AWS released a new EC2 auto recovery feature in the US East (N. Virgina) region, which is designed to increase instance availability by automatically recovering supported instances when a system impairment is detected.
The Elastic Compute Cloud (EC2) auto recovery feature can be triggered when an AWS CloudWatch monitoring service status check detects a problem with the underlying physical host that will affect a running EC2 instance. Examples of problems that cause system status checks to fail include: loss of network connectivity, loss of system power, software issues on the physical host or hardware issues on the physical host.
The auto recovery feature automatically attempts to recover an affected EC2 instance on new underlying hardware, which removes the need to manually migrate to a new instance. The instance is recovered during an instance reboot, and any data that is in-memory is lost. The recovered instance will be identical to the original, including the same instance identifier, IP address(es) and configuration.
Auto recovery for an instance is enabled by creating an AWS CloudWatch alarm, choosing the “EC2 Status Check Failed (System)” metric and selecting the “Recover this instance” action. If an AWS Identity and Access Management (IAM) account is used to create or modify a CloudWatch alarm, the corresponding Amazon EC2 permissions must be assigned to the account for the auto recovery feature to recover the instance: ec2:DescribeInstanceStatus, ec2:DescribeInstances, ec2:DescribeInstanceRecoveryAttribute and ec2:RecoverInstances.
The AWS EC2 documentation states that currently the new EC2 auto recovery action is only supported on:
- C3, M3, R3, and T2 instance types.
- Instances in the US East (N. Virginia) region.
- Instances in a VPC.
- Instances with shared tenancy (where the tenancy attribute of the instance is set to default).
- Instances that use Amazon EBS storage exclusively.
The recovery action is not supported for EC2-Classic instances, dedicated tenancy instances, and instances that use any instance store volumes.

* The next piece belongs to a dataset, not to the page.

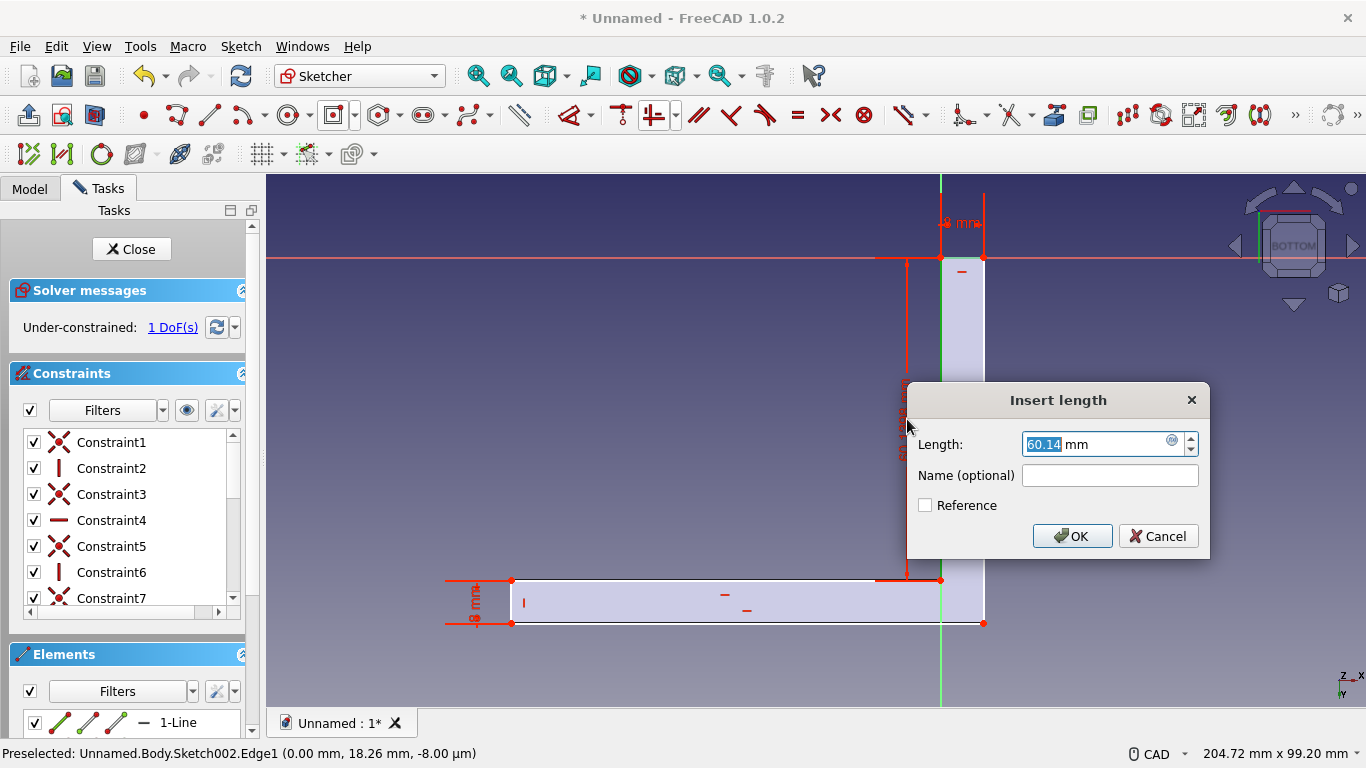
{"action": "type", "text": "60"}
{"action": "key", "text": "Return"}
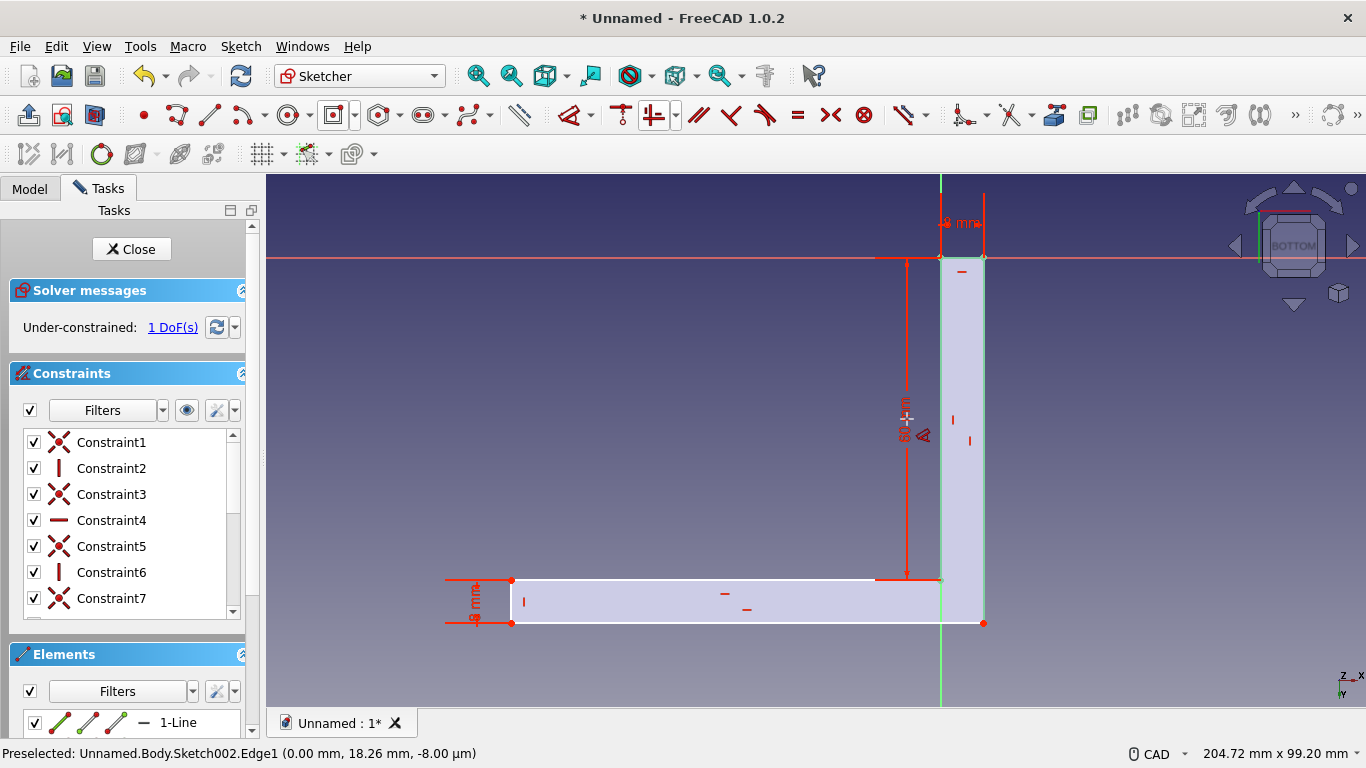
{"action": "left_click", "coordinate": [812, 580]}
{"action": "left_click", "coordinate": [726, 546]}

The automatic recovery process will attempt to recover the affected instance up to three times for three unique failures. If the instance system status check failure persists, the AWS documentation recommends that the instance be manually started and stopped. The instance may subsequently be retired if automatic recovery fails and hardware degradation is determined to be the root cause for the original system status check failure.
The AWS auto recovery documentation states the following issues can cause automatic recovery of an instance to fail:
- Temporary, insufficient capacity of replacement hardware.
- The instance has an attached instance store storage, which is an unsupported configuration for automatic instance recovery.
- There is an ongoing Service Health Dashboard event that prevented the recovery process from successfully executing. Please refer to http://status.aws.amazon.com for the latest service availability information.
- The instance has reached the maximum daily allowance of three recovery attempts.
When the auto recovery process is complete, an email notification that includes the status of the recovery attempt and any further instructions is sent.
As the EC2 instance virtual machine (VM) is rebooted during the auto recovery process, this feature is not the same as the VM live migration offered by Google Compute Engine (GCE) live migrate or KVM migration, in which guest VMs should not experience noticeable downtime.
More information on the AWS EC2 auto recovery feature, including full instructions on how to enable this feature, can be found in the AWS auto recovery documentation.